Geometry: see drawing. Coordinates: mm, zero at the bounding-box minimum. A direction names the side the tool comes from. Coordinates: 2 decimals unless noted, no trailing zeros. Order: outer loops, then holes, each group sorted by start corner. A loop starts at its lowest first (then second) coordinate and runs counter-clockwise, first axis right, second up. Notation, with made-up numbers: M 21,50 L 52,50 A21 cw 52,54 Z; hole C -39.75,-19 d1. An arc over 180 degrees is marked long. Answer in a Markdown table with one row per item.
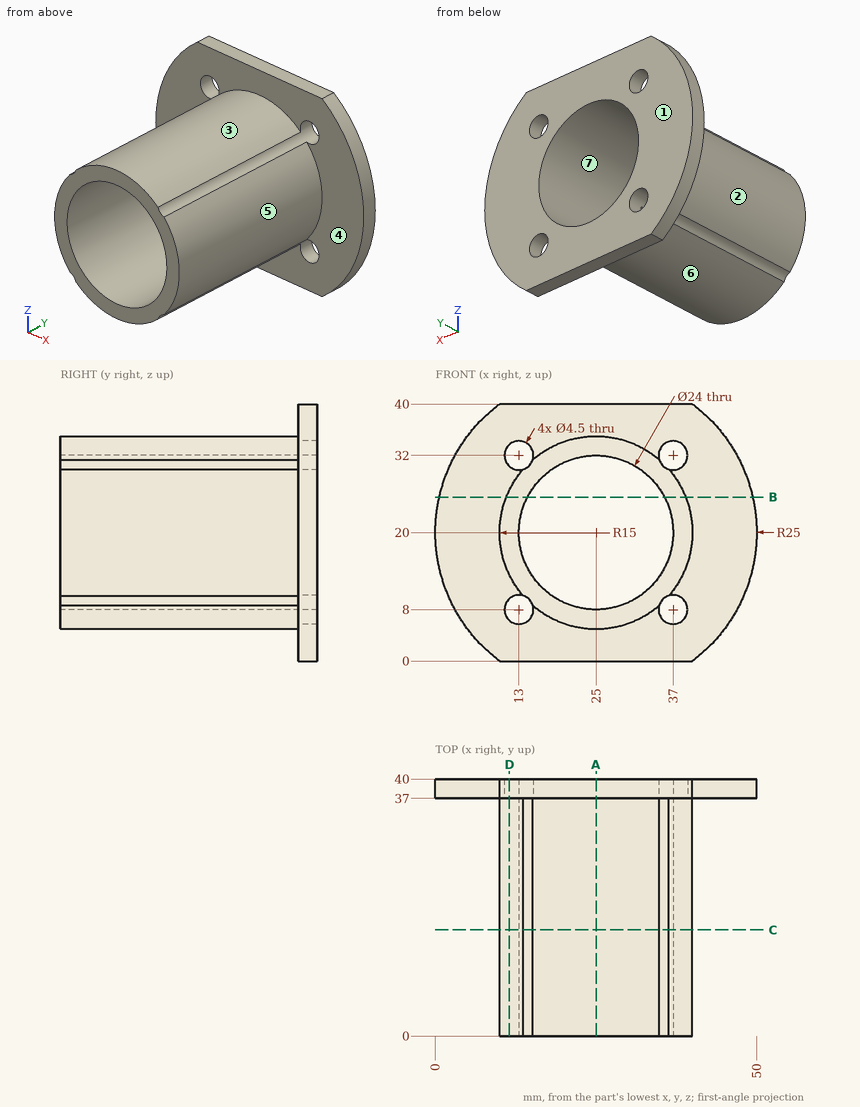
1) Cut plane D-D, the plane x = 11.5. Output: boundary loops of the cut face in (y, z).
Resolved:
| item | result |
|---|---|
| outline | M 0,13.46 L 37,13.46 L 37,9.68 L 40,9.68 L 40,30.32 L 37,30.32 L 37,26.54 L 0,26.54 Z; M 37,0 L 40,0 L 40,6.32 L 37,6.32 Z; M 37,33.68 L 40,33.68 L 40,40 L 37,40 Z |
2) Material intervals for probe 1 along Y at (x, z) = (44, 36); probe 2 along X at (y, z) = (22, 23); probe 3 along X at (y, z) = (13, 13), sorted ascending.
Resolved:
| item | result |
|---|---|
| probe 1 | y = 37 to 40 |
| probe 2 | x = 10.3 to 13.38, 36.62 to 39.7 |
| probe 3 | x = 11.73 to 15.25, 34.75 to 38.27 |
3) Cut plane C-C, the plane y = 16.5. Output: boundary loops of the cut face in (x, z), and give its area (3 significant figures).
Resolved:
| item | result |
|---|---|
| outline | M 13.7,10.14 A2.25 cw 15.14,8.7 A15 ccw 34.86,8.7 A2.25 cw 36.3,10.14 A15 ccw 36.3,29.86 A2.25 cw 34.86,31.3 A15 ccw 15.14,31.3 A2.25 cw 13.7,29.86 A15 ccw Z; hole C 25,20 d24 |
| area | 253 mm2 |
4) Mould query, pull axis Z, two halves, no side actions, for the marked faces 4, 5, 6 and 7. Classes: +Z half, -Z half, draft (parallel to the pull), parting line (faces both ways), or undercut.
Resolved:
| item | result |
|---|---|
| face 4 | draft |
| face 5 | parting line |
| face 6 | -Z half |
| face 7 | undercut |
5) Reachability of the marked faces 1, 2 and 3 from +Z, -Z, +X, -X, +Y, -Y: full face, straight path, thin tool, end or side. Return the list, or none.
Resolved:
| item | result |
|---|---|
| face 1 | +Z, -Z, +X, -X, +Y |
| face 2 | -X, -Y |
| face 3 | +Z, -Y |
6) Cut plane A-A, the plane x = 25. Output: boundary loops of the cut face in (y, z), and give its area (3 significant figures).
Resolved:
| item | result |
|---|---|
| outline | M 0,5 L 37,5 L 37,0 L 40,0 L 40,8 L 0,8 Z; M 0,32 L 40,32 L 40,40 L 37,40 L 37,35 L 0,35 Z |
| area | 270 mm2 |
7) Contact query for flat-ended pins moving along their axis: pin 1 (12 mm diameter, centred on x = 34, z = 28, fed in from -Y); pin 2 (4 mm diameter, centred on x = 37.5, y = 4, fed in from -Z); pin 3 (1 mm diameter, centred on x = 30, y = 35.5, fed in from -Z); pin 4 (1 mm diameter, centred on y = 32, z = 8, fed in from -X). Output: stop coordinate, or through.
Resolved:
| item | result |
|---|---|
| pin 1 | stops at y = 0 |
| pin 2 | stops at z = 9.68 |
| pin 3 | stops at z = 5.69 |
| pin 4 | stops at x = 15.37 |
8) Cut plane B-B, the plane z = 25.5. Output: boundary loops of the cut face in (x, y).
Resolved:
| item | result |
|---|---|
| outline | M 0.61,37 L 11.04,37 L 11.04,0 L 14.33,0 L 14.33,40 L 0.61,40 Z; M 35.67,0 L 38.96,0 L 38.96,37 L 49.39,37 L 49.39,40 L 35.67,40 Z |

▬▬▬

Your response should consist solely of the lines from the one containing "at z = 5.69 |" to the end of the entries, both ends included, exactly as they appear.

### YOUR SOLUTION
| pin 3 | stops at z = 5.69 |
| pin 4 | stops at x = 15.37 |
8) Cut plane B-B, the plane z = 25.5. Output: boundary loops of the cut face in (x, y).
Resolved:
| item | result |
|---|---|
| outline | M 0.61,37 L 11.04,37 L 11.04,0 L 14.33,0 L 14.33,40 L 0.61,40 Z; M 35.67,0 L 38.96,0 L 38.96,37 L 49.39,37 L 49.39,40 L 35.67,40 Z |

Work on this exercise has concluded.